Jose almost smiled. “Wait them out? Given what we know about them, they’re a hell of a lot more likely to outlive us.” I sighed, and sat myself down in the Avenger seat.
The superstitious called them vampires; officially they were parasites, which I liked better. There were a lot of theories how it started. Some people thought it was army testing, trying to perfect soldiers, Captain America gone awry, but that just seemed too comic book to me. Some said an archeological dig in Egypt had opened up a tomb full of them, and that they’d spread like a plague from there. There were even wilder fantasies than that: aliens, nanotech, that it was a new mutation of AIDS. But really it didn’t matter. Nothing mattered, except surviving.
And we were doing that badly. It was arrogance, or ignorance, but we shipped half our armed forces into Eastern Europe, thinking we could contain whatever they were there. But the parasites went guerrilla, broke into a thousand factions and hit us everywhere at once, clusters in New York and LA, Mexico City, Rio. Any city with a population of more than a million was suddenly compromised.
Their numbers grew to the point where even the military couldn’t operate outside of fortified bases. Brass don’t tell us the numbers anymore, but one of my bunkmates said he got bored, and came up with some figures of his own. Basically, the way he figured we’d lost most every civilian stronghold, and about 3/5 of all the military ones.
“So?” I asked Jose. My initial panic was subsiding, and now I was getting antsy. If I was going to die, I didn’t want it to be from boredom.
“They wait for us to make the first move. Once the parasites get here, we open up, then the rest of the trench lights up.” I remembered it all from my briefing. Normally I worked the day shift, so I slept through most the bleed runs, or was on standby. But outside the cage was a trench flanked on either s
ide by concrete bunkers full of mounted light machine guns. The entire thing was designed to maximize the kill zone but eliminate interlocking fire.
There was a heavy thud against the door, then a pause. “Ready?” Jose asked. I didn’t say anything, but he unbolted the door.
The door came open so fast I assumed there must have been an explosion, and instinctively covered my eyes, until I noticed a man standing in the doorway. Jose moved faster than I’d ever seen a person move, grabbed him by the collar and pulled him around inside, smashing his head into the outer row of bars, then snapped his neck and slashed his throat with the knife Velcroed across his chest.
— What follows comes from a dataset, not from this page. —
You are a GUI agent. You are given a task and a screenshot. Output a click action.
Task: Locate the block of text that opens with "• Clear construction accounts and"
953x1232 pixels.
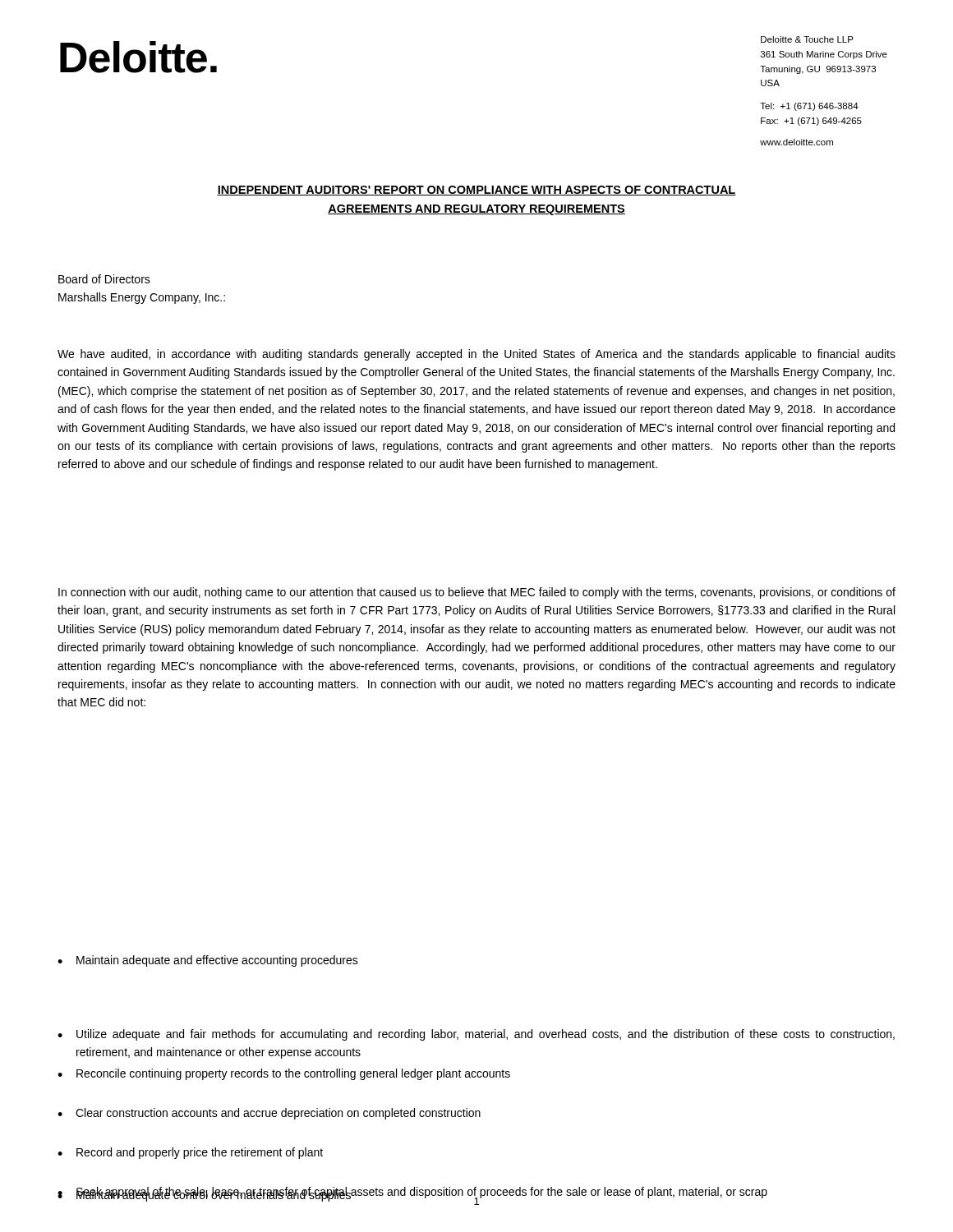476,1115

The parasite fell to the ground, twitching.
Another was already walking through the open doorway, too fast for Jose to turn around, and I wanted to yell, like I was watching a horror movie and didn’t want my favorite character to die, but my hands remembered their duty and squeezed the Avenger’s trigger. The parasite disappeared in a cloud of pink mist as bullets too big for a body popped him like a balloon, and sent chunks of what was left flying backwards. Suddenly the trench was illuminated with gunfire, and I could see another dozen parasites, mostly in dark colors, standing around what remained of the corpse I’d shot. The smaller caliber rounds of the LMGs made them jerk about like spastics at a rave.